**Problem to work on**.
Reproduce the records below exactly as they appear, omitting any pictures they contain.

══ Given records

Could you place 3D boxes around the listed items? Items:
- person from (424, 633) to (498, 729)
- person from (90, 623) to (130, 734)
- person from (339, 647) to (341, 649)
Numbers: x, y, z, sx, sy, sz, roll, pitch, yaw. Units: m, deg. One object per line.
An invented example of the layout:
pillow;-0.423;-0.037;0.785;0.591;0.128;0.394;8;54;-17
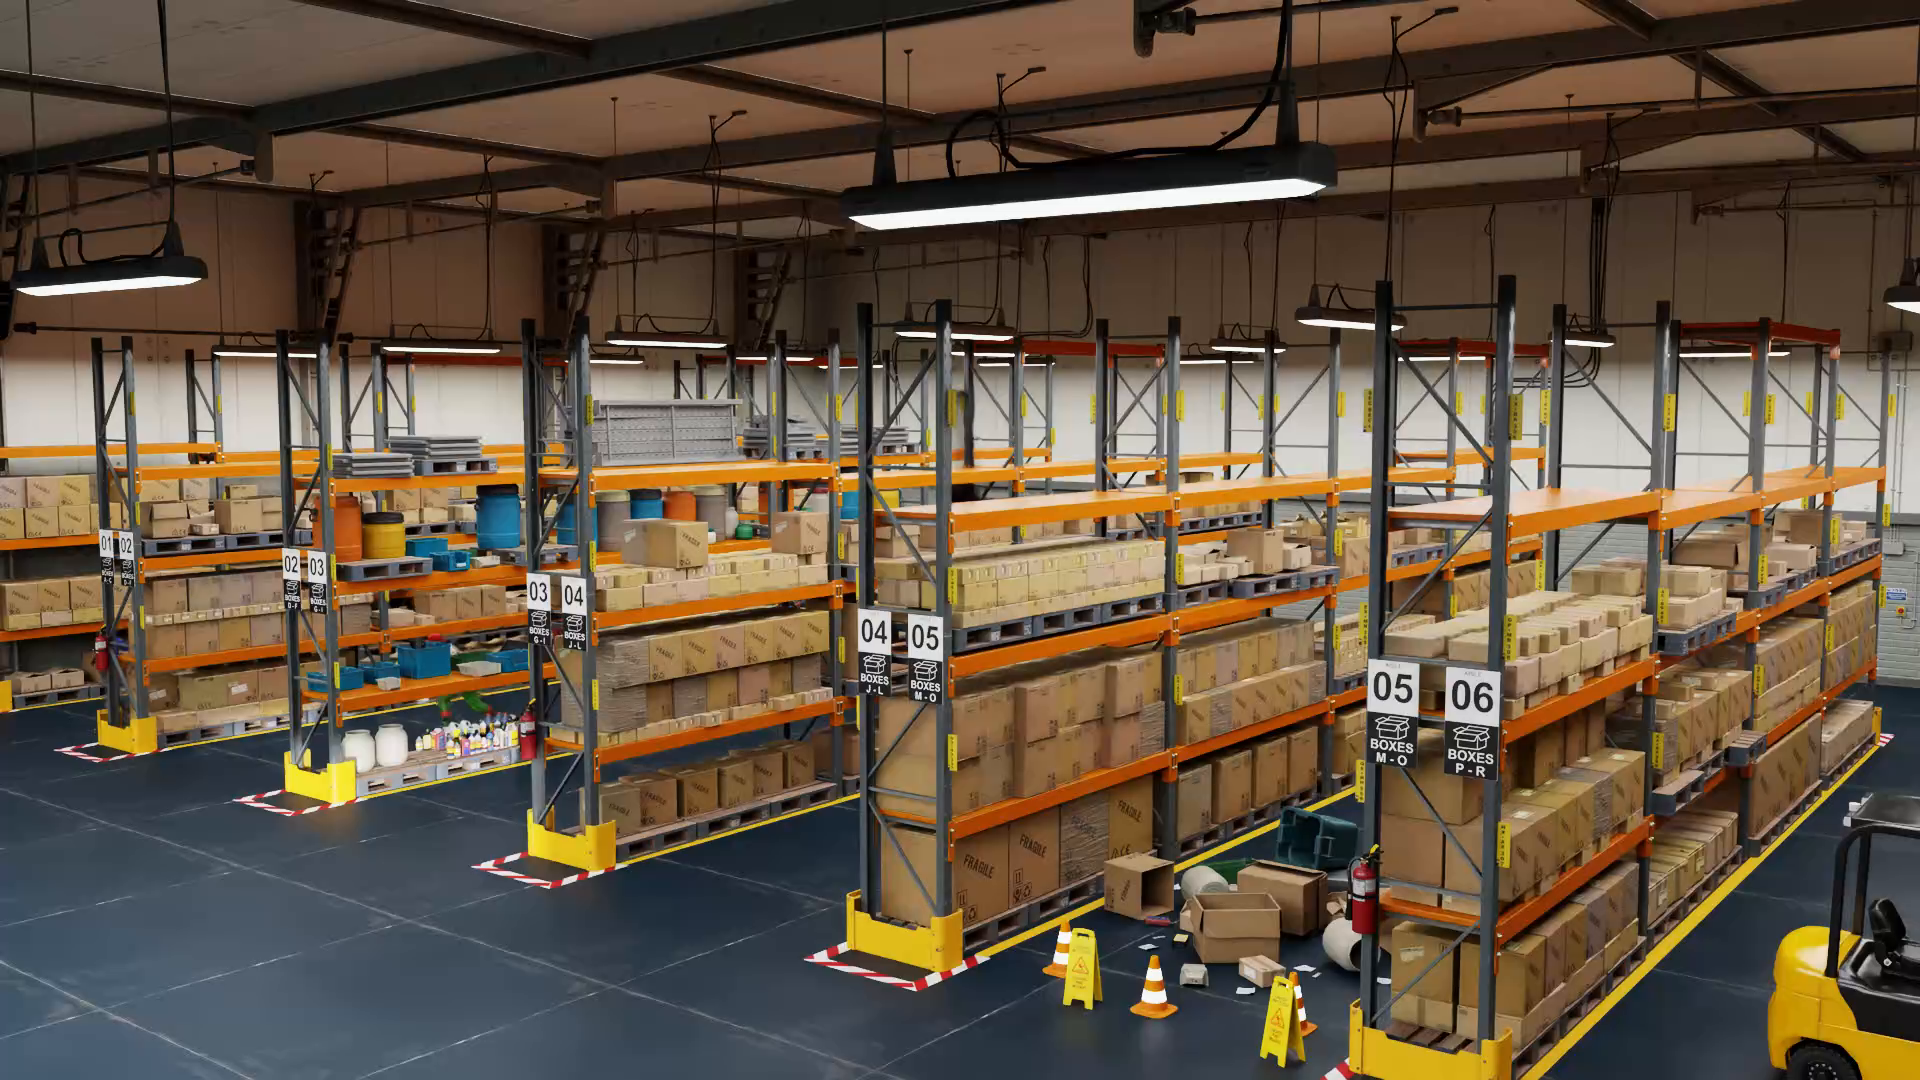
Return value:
person;-7.490;2.165;25.140;1.155;1.582;0.683;-2;5;-23
person;-13.108;2.105;25.717;0.592;1.699;0.811;2;5;18
person;-11.098;1.679;29.580;0.644;1.783;0.947;2;5;23
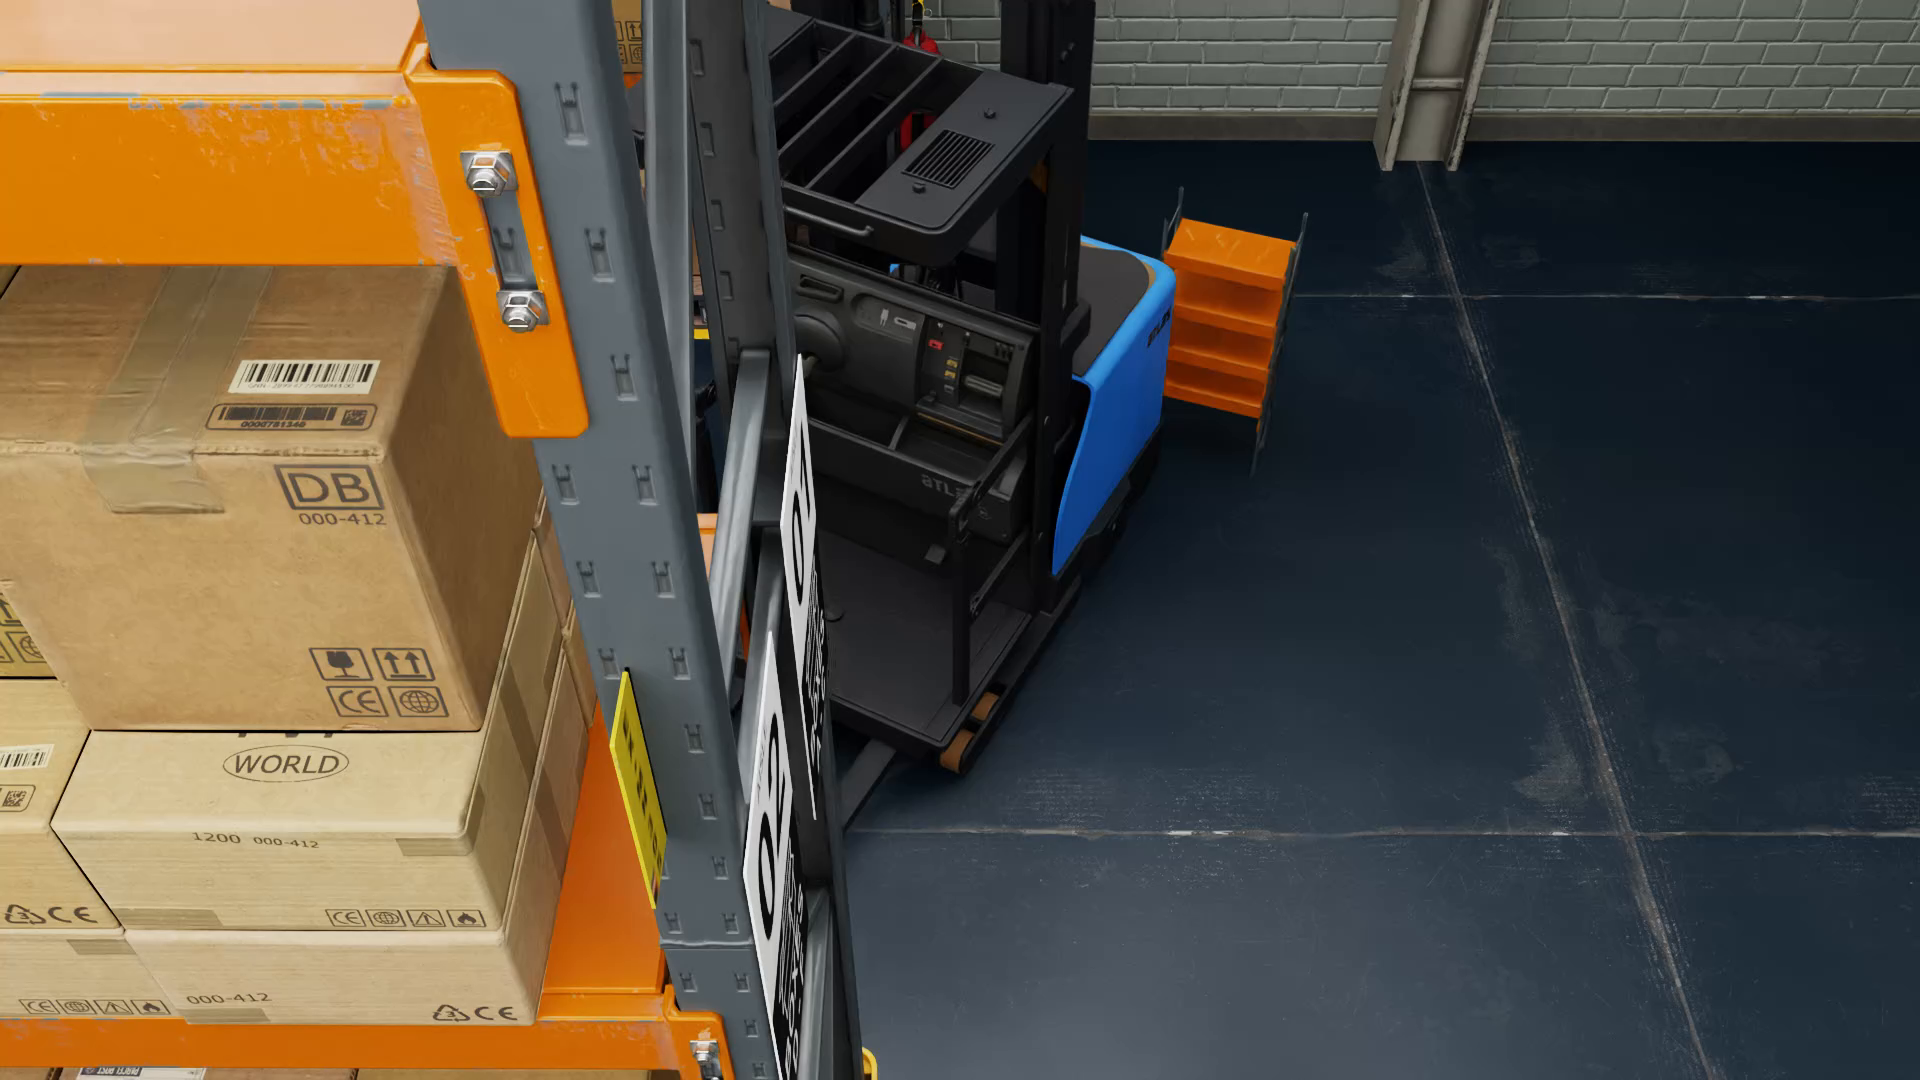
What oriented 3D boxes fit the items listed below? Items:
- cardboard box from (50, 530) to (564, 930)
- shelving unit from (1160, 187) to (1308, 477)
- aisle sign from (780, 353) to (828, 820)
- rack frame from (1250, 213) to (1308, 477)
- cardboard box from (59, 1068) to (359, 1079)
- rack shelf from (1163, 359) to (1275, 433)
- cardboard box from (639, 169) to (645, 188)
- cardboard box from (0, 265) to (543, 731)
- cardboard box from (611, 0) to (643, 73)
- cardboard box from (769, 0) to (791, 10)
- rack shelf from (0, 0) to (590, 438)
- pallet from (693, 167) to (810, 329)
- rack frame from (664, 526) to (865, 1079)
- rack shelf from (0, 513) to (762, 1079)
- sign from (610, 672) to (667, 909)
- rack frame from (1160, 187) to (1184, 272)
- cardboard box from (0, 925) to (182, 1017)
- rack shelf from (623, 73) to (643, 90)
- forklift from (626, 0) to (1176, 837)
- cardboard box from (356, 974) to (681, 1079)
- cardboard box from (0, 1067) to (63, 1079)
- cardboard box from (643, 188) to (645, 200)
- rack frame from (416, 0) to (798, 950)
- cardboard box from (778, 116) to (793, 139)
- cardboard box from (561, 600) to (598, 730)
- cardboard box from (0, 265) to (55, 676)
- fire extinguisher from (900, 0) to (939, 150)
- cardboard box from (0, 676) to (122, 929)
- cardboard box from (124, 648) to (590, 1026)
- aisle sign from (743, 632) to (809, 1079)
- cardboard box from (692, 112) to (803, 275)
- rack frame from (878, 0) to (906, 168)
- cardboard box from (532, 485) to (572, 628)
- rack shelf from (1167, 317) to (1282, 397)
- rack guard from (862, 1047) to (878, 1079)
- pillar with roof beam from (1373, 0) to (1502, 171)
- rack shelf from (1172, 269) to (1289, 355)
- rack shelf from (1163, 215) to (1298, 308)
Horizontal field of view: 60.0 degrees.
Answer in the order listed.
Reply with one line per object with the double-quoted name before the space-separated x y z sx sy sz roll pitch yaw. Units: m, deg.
"cardboard box" -0.850 0.247 2.263 0.500 0.250 0.500 0 47 0
"shelving unit" 1.054 -0.821 6.775 0.503 1.200 0.258 15 49 14
"aisle sign" -0.266 0.103 2.910 0.004 0.787 0.394 0 47 0
"rack frame" 1.282 -0.759 6.717 0.015 1.200 0.240 15 49 14
"cardboard box" -1.287 1.028 3.073 0.500 0.500 0.500 1 47 1
"rack shelf" 1.054 -0.640 6.970 0.480 0.148 0.258 15 49 14
"cardboard box" -1.406 -1.731 7.370 0.250 0.149 0.380 1 47 1
"cardboard box" -0.849 -0.183 2.151 0.500 0.500 0.700 0 47 0
"cardboard box" -1.558 -2.513 6.915 0.700 0.700 0.980 0 47 0
"cardboard box" -0.831 -2.519 6.921 0.700 0.700 0.980 2 47 2
"rack shelf" -2.336 -0.600 1.735 4.000 0.370 1.077 0 47 0
"pallet" -1.121 -1.417 8.006 1.213 0.211 1.003 0 47 0
"rack frame" -0.336 1.203 3.661 0.127 3.000 1.000 0 47 0
"rack shelf" -2.336 0.421 2.832 4.000 0.370 1.077 0 47 0
"sign" -0.358 0.286 1.861 0.005 0.325 0.100 0 47 0
"rack frame" 0.825 -0.883 6.833 0.015 1.200 0.240 15 49 14
"cardboard box" -1.350 0.415 2.449 0.500 0.250 0.500 0 47 0
"rack shelf" -2.321 -2.183 7.305 4.000 0.370 1.077 0 47 0
"forklift" -0.305 -0.538 5.329 1.130 2.935 3.031 22 51 19
"cardboard box" -0.782 1.029 3.073 0.500 0.500 0.500 0 47 0
"cardboard box" -1.805 1.030 3.071 0.500 0.500 0.500 1 47 1
"cardboard box" -1.522 -1.644 7.733 0.500 0.500 0.700 0 47 0
"rack frame" -0.336 -0.841 1.466 0.127 3.000 1.000 0 47 0
"cardboard box" -0.895 -2.010 7.630 0.250 0.149 0.380 0 47 0
"cardboard box" -0.848 0.045 2.793 0.500 0.250 0.500 0 47 0
"cardboard box" -1.349 -0.246 2.210 0.500 0.500 0.700 0 47 0
"fire extinguisher" -0.172 -1.931 6.887 0.183 0.674 0.296 0 47 0
"cardboard box" -1.350 0.246 2.264 0.500 0.250 0.500 0 47 0
"cardboard box" -0.850 0.424 2.440 0.500 0.250 0.500 0 47 0
"aisle sign" -0.268 0.542 2.501 0.004 0.787 0.394 0 47 0
"cardboard box" -1.021 -1.643 7.731 0.500 0.500 0.700 0 47 0
"rack frame" -0.321 -2.423 7.037 0.127 3.000 1.000 0 47 0
"cardboard box" -0.848 -0.130 2.614 0.500 0.250 0.500 0 47 0
"rack shelf" 1.054 -0.775 6.824 0.480 0.148 0.258 15 49 14
"rack guard" -0.412 2.055 4.577 0.348 0.500 1.175 0 47 0
"pillar with roof beam" 2.366 -1.941 2.490 0.400 9.000 9.100 0 47 0
"rack shelf" 1.054 -0.928 6.661 0.480 0.148 0.258 15 49 14
"rack shelf" 1.054 -1.089 6.488 0.480 0.148 0.258 15 49 14
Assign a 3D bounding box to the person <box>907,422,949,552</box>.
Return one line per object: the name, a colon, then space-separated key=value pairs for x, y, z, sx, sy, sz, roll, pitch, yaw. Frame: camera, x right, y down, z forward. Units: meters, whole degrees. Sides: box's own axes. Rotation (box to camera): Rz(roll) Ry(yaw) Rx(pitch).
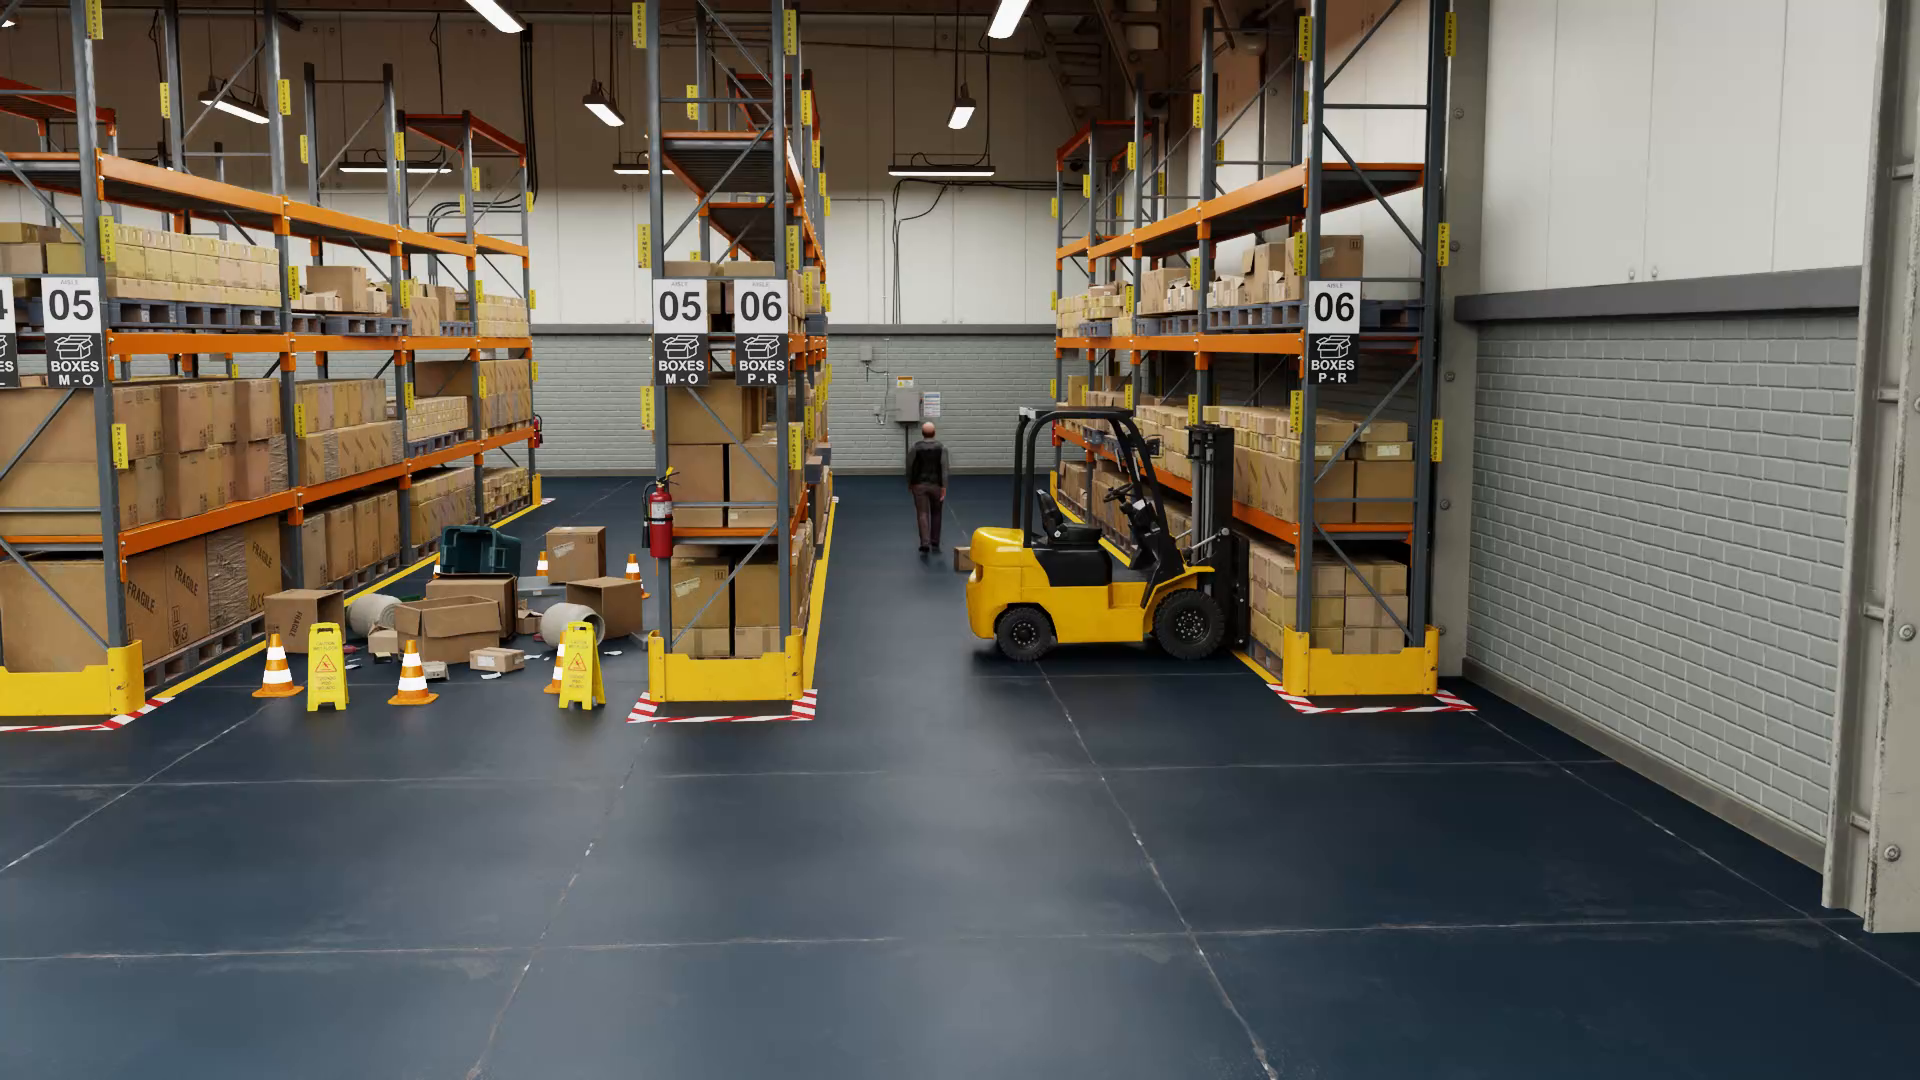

════

**Task output**.
Could you place 3D boxes around the listed items? Items:
- person from (424, 633) to (498, 729)
- person from (90, 623) to (130, 734)
- person from (339, 647) to (341, 649)
Numbers: x, y, z, sx, sy, sz, roll, pitch, yaw. Units: m, deg. One object per line.
An invented example of the layout:
pillow;-0.423;-0.037;0.785;0.591;0.128;0.394;8;54;-17
Return value:
person;-7.490;2.165;25.140;1.155;1.582;0.683;-2;5;-23
person;-13.108;2.105;25.717;0.592;1.699;0.811;2;5;18
person;-11.098;1.679;29.580;0.644;1.783;0.947;2;5;23
What oriented 3D boxes fit the items listed below? Items:
- cardboard box from (50, 530) to (564, 930)
- shelving unit from (1160, 187) to (1308, 477)
- aisle sign from (780, 353) to (828, 820)
- rack frame from (1250, 213) to (1308, 477)
- cardboard box from (59, 1068) to (359, 1079)
- rack shelf from (1163, 359) to (1275, 433)
- cardboard box from (639, 169) to (645, 188)
- cardboard box from (0, 265) to (543, 731)
- cardboard box from (611, 0) to (643, 73)
- cardboard box from (769, 0) to (791, 10)
- rack shelf from (0, 0) to (590, 438)
- pallet from (693, 167) to (810, 329)
- rack frame from (664, 526) to (865, 1079)
- rack shelf from (0, 513) to (762, 1079)
- sign from (610, 672) to (667, 909)
- rack frame from (1160, 187) to (1184, 272)
- cardboard box from (0, 925) to (182, 1017)
- rack shelf from (623, 73) to (643, 90)
- forklift from (626, 0) to (1176, 837)
- cardboard box from (356, 974) to (681, 1079)
- cardboard box from (0, 1067) to (63, 1079)
- cardboard box from (643, 188) to (645, 200)
- rack frame from (416, 0) to (798, 950)
- cardboard box from (778, 116) to (793, 139)
- cardboard box from (561, 600) to (598, 730)
- cardboard box from (0, 265) to (55, 676)
- fire extinguisher from (900, 0) to (939, 150)
- cardboard box from (0, 676) to (122, 929)
- cardboard box from (124, 648) to (590, 1026)
- aisle sign from (743, 632) to (809, 1079)
- cardboard box from (692, 112) to (803, 275)
- rack frame from (878, 0) to (906, 168)
- cardboard box from (532, 485) to (572, 628)
- rack shelf from (1167, 317) to (1282, 397)
- rack guard from (862, 1047) to (878, 1079)
- pillar with roof beam from (1373, 0) to (1502, 171)
- rack shelf from (1172, 269) to (1289, 355)
- rack shelf from (1163, 215) to (1298, 308)
Horizontal field of view: 60.0 degrees.
Answer in the order listed.
Reply with one line per object with the double-quoted name before the space-separated x y z sx sy sz roll pitch yaw. Units: m, deg.
"cardboard box" -0.850 0.247 2.263 0.500 0.250 0.500 0 47 0
"shelving unit" 1.054 -0.821 6.775 0.503 1.200 0.258 15 49 14
"aisle sign" -0.266 0.103 2.910 0.004 0.787 0.394 0 47 0
"rack frame" 1.282 -0.759 6.717 0.015 1.200 0.240 15 49 14
"cardboard box" -1.287 1.028 3.073 0.500 0.500 0.500 1 47 1
"rack shelf" 1.054 -0.640 6.970 0.480 0.148 0.258 15 49 14
"cardboard box" -1.406 -1.731 7.370 0.250 0.149 0.380 1 47 1
"cardboard box" -0.849 -0.183 2.151 0.500 0.500 0.700 0 47 0
"cardboard box" -1.558 -2.513 6.915 0.700 0.700 0.980 0 47 0
"cardboard box" -0.831 -2.519 6.921 0.700 0.700 0.980 2 47 2
"rack shelf" -2.336 -0.600 1.735 4.000 0.370 1.077 0 47 0
"pallet" -1.121 -1.417 8.006 1.213 0.211 1.003 0 47 0
"rack frame" -0.336 1.203 3.661 0.127 3.000 1.000 0 47 0
"rack shelf" -2.336 0.421 2.832 4.000 0.370 1.077 0 47 0
"sign" -0.358 0.286 1.861 0.005 0.325 0.100 0 47 0
"rack frame" 0.825 -0.883 6.833 0.015 1.200 0.240 15 49 14
"cardboard box" -1.350 0.415 2.449 0.500 0.250 0.500 0 47 0
"rack shelf" -2.321 -2.183 7.305 4.000 0.370 1.077 0 47 0
"forklift" -0.305 -0.538 5.329 1.130 2.935 3.031 22 51 19
"cardboard box" -0.782 1.029 3.073 0.500 0.500 0.500 0 47 0
"cardboard box" -1.805 1.030 3.071 0.500 0.500 0.500 1 47 1
"cardboard box" -1.522 -1.644 7.733 0.500 0.500 0.700 0 47 0
"rack frame" -0.336 -0.841 1.466 0.127 3.000 1.000 0 47 0
"cardboard box" -0.895 -2.010 7.630 0.250 0.149 0.380 0 47 0
"cardboard box" -0.848 0.045 2.793 0.500 0.250 0.500 0 47 0
"cardboard box" -1.349 -0.246 2.210 0.500 0.500 0.700 0 47 0
"fire extinguisher" -0.172 -1.931 6.887 0.183 0.674 0.296 0 47 0
"cardboard box" -1.350 0.246 2.264 0.500 0.250 0.500 0 47 0
"cardboard box" -0.850 0.424 2.440 0.500 0.250 0.500 0 47 0
"aisle sign" -0.268 0.542 2.501 0.004 0.787 0.394 0 47 0
"cardboard box" -1.021 -1.643 7.731 0.500 0.500 0.700 0 47 0
"rack frame" -0.321 -2.423 7.037 0.127 3.000 1.000 0 47 0
"cardboard box" -0.848 -0.130 2.614 0.500 0.250 0.500 0 47 0
"rack shelf" 1.054 -0.775 6.824 0.480 0.148 0.258 15 49 14
"rack guard" -0.412 2.055 4.577 0.348 0.500 1.175 0 47 0
"pillar with roof beam" 2.366 -1.941 2.490 0.400 9.000 9.100 0 47 0
"rack shelf" 1.054 -0.928 6.661 0.480 0.148 0.258 15 49 14
"rack shelf" 1.054 -1.089 6.488 0.480 0.148 0.258 15 49 14
Assign a 3D bounding box to the person <box>907,422,949,552</box>.
Return one line per object: the name, a colon, then space-separated key=value pairs for x, y, z, sx, sy, sz, roll, pitch, yaw. Frame: camera, x right, y down, z forward. Units: meters, whole degrees. Sides: box's own axes. Rotation (box to camera): Rz(roll) Ry(yaw) Rx(pitch).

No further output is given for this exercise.